We also need to make a system that is much more one-size-fits-all in terms of its capability of treating cancer. So, the starting material needs to be better, and the biology needs to be more specific. For example, in the case of solid tumors, you need to have a scenario where the cell-based therapy doesnt introduce rejection via either graft-versus-host or host-versus-graft disease. We need to have a scenario where if you have a patient population that doesnt have, say, enough healthy T-cells to begin with, or have enough healthy blood material to work with, we will have a source for that starting material.

What are the biggest remaining unmet needs for patients when it comes to CAR-T?

There are both scientific and business needs that must be understood for these therapies.

The unmet scientific need is understanding why some of these CAR T-cell therapies work and why some dont. As scientists, we need to understand why certain patients respond better, and why we have scenarios in which we can readily adapt these therapeutics for some kinds of cancer but not others. Finally, we need to be able to create biologics that are readily available so that patients can get them when they are initially sick and not after multiple rounds of other options, like chemotherapy and radiation.

There are a large number of studies that show once a patient completes one to two rounds or more of chemotherapy or radiation, their cells are unable to efficaciously be changed into a cell-based therapy. Getting a patients materials earlier would be beneficial. For example, the first time you, as a patient, are diagnosed with cancer, you could have your cells removed and made into a therapeutic, and that would give you a much greater chance for the therapy to be successful. It would also avoid the current situation where your starting material is damaged through rounds of chemotherapy.

In terms of unmet business needs, it is safe to say that these customised immunotherapies are on the brink of revolutionizing how we treat cancer. The commercially approved applications of CAR-T therapies are currently limited to treating just a few kinds of blood cancers, and even these indications require a patient to have undergone several other therapies unsuccessfully. The reality is that when we do develop therapies for larger patient indications, the current healthcare system cannot afford them. Consider the cost of treating 300,000 cancer patients a year, roughly half of those that die from their disease. At $373,000 per patient, the increased burden to the healthcare system would not be sustainable. This cost does not include other associated costs from providing the therapy to the patient hospitalisation, medical support, etc. The unmet need is having a means to manufacture therapeutics at high volume, in significantly less time (i.e. less than 3 days), and at significantly lower cost per therapy. Patient access to these potentially life-saving therapies will require that the costs do not significantly increase the burden on the established healthcare systems.

What are some other barriers to widespread adoption of CAR-T and accessibility for patients?

Other barriers center on patient access to the therapy. For instance, one barrier is how clinical trials are set up, which patient cohorts are chosen and therefore are the contingency that are approved for the therapy use, and ultimately what patients are allowed to have access to them.

Another barrier is the current approach to introducing CAR T-cell therapy only after other treatment options are exhausted. This is a big challenge because its not just about the patients starting material but its about how sick the patient is once they get to you.
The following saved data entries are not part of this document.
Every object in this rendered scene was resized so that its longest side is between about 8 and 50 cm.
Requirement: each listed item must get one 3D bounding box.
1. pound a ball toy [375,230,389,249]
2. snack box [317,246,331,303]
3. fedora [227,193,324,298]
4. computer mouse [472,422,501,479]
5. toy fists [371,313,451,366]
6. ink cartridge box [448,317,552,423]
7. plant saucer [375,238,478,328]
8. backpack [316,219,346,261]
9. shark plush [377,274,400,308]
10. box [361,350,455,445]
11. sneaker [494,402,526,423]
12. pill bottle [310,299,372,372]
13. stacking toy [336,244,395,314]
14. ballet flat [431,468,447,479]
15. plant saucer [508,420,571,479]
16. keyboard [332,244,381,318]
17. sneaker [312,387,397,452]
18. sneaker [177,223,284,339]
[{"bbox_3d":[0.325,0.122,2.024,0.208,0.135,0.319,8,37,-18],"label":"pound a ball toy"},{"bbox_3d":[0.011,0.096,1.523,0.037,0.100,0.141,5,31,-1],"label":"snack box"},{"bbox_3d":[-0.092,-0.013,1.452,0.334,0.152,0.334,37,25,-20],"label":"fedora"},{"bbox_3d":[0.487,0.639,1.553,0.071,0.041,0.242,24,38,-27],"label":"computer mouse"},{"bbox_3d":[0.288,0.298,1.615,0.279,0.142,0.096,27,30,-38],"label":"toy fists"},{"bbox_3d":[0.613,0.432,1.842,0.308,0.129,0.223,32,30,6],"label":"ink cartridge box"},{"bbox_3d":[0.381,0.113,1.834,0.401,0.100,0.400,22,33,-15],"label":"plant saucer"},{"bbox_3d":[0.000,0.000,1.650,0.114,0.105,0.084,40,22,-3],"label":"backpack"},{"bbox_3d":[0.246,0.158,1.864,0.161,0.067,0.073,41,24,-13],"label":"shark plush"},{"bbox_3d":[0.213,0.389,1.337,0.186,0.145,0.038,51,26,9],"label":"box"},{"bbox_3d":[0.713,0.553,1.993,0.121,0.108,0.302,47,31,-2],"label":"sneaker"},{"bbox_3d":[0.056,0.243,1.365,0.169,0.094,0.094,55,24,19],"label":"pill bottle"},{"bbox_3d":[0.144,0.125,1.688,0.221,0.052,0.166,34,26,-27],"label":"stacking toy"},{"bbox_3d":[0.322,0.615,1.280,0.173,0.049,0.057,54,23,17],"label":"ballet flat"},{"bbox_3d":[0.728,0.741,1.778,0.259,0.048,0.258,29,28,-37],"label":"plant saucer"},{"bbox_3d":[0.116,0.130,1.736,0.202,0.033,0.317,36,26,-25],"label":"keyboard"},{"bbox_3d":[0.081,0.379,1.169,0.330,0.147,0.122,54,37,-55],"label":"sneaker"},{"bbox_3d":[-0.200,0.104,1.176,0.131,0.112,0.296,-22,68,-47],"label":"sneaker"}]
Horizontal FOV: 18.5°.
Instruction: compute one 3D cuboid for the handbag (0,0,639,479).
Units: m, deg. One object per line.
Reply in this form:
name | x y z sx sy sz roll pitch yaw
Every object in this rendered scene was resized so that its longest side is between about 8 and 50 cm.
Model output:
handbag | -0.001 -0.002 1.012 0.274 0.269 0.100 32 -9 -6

A patient may have gone through seven rounds of chemotherapy and radiation, and now they are compromised. If we can make CAR-T a front-line therapy, it would make it more accessible and affordable.

What makes CAR-T treatments so expensive? Are there any ways to reduce costs?
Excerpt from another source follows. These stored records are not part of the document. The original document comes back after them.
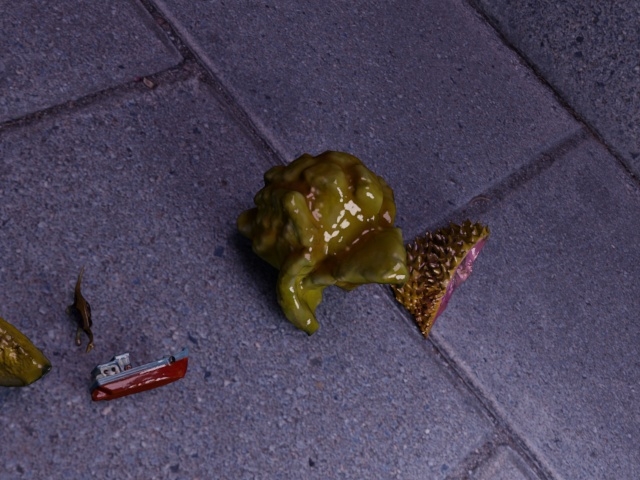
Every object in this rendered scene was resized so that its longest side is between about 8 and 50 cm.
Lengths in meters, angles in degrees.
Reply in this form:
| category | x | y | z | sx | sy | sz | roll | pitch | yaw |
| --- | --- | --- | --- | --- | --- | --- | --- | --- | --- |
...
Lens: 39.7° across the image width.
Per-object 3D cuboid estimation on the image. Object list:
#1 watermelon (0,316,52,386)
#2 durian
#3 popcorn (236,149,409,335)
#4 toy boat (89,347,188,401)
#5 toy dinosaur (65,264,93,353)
| category | x | y | z | sx | sy | sz | roll | pitch | yaw |
| --- | --- | --- | --- | --- | --- | --- | --- | --- | --- |
| watermelon | -0.517 | 0.107 | 1.266 | 0.301 | 0.129 | 0.123 | 40 | 47 | -7 |
| durian | 0.257 | 0.036 | 1.805 | 0.154 | 0.186 | 0.260 | 46 | 32 | -3 |
| popcorn | -0.003 | -0.001 | 1.594 | 0.290 | 0.326 | 0.321 | 26 | 3 | -9 |
| toy boat | -0.281 | 0.203 | 1.385 | 0.173 | 0.069 | 0.059 | -11 | 72 | -32 |
| toy dinosaur | -0.380 | 0.118 | 1.408 | 0.037 | 0.058 | 0.180 | 7 | 40 | -38 |
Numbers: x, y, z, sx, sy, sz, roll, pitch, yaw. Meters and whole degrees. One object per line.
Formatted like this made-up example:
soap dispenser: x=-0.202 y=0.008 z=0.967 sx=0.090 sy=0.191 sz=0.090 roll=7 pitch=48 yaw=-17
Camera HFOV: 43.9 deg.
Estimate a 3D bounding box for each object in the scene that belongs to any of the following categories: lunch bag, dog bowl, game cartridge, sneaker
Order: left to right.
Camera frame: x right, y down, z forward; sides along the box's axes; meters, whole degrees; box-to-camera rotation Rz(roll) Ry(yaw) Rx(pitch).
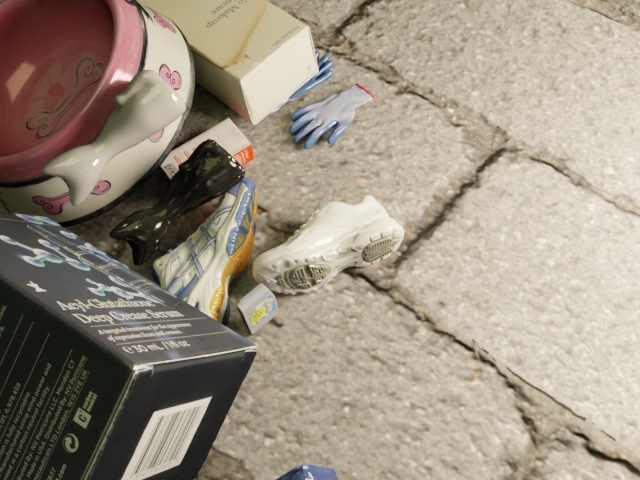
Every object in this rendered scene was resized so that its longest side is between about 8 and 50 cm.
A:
dog bowl: x=-0.407 y=-0.235 z=1.236 sx=0.407 sy=0.150 sz=0.408 roll=-9 pitch=65 yaw=20
sneaker: x=-0.181 y=0.026 z=1.159 sx=0.130 sy=0.112 sz=0.297 roll=11 pitch=61 yaw=12
game cartridge: x=-0.088 y=0.097 z=1.125 sx=0.017 sy=0.083 sz=0.056 roll=37 pitch=70 yaw=28
lunch bag: x=-0.011 y=0.324 z=0.984 sx=0.067 sy=0.098 sz=0.065 roll=-36 pitch=55 yaw=19
sneaker: x=0.000 y=0.000 z=1.181 sx=0.232 sy=0.090 sz=0.115 roll=-18 pitch=53 yaw=-16

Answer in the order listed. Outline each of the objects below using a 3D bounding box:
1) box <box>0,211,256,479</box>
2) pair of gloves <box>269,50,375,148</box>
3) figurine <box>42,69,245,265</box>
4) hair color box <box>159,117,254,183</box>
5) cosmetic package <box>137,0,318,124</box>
box: x=-0.332 y=0.134 z=0.971 sx=0.395 sy=0.293 sz=0.212 roll=28 pitch=96 yaw=19
pair of gloves: x=-0.014 y=-0.242 z=1.348 sx=0.159 sy=0.023 sz=0.198 roll=-38 pitch=60 yaw=-14
figurine: x=-0.248 y=-0.098 z=1.110 sx=0.209 sy=0.215 sz=0.092 roll=-45 pitch=32 yaw=-6
hair color box: x=-0.186 y=-0.132 z=1.288 sx=0.141 sy=0.043 sz=0.072 roll=-32 pitch=63 yaw=-14
cosmetic package: x=-0.170 y=-0.350 z=1.362 sx=0.309 sy=0.113 sz=0.160 roll=37 pitch=70 yaw=28

One of the reasons CAR-T treatments are so expensive is that the industry does not have an automated, systematic manufacturing process, and because of that, there is an over-reliance on using instrumentation and processes that have been borrowed from other therapies, like blood banking or stem cell transplantation. Most cell therapy manufacturing processes came out of academic institutions. In academia, your touch labor is typically grad students and therefore is inexpensive, while the touch labor in industry is trained professionals and comes at a much higher cost. The high degree of touch labor also contributes to a breakdown in therapy development and hinders its scalability. Tissue engineering, as a field, suffered broadly for these exact reasons.
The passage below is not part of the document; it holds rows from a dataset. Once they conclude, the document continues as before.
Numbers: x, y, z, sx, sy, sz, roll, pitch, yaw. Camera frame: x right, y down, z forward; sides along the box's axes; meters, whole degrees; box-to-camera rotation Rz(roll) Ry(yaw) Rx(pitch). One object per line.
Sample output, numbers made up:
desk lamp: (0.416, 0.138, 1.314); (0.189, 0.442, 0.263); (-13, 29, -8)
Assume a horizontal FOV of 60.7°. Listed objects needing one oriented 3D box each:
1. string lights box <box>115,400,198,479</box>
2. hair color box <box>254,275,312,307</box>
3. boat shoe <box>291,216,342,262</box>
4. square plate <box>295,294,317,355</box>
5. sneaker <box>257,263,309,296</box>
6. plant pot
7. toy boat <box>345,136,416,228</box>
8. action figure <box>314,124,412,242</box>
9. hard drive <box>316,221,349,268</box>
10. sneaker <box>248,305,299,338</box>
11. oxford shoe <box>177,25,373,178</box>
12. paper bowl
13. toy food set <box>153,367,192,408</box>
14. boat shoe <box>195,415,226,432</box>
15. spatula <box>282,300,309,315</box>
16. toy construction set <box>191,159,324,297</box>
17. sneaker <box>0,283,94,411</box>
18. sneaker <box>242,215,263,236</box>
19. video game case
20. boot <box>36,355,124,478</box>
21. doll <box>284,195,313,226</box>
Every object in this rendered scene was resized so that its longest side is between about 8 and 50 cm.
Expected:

What difficulties exist in manufacturing CAR-T therapies? How are they affecting access?

CAR T-cells are a promising therapy, but the current state of biomanufacturing is very complex, expensive and time-consuming, often requiring multiple rooms, highly skilled technicians and many instruments. The process for developing CAR T-cell therapies involves gathering T cells from the cancer patients blood, re-engineering them in a lab so they will recognise cancer cells as an enemy and then reintroducing these enriched T cells to the patients body. The current price tag for a single treatment is $450,000. The typical timeframe is 12-17 days.

One reason for this bioprocessing bottleneck is that manufacturers are using equipment thats been retrofitted from other purposes, and then strung them together. With each step in the process, manufacturers typically have to conduct extra quality control measures, which can result in lost time and material and significant expense.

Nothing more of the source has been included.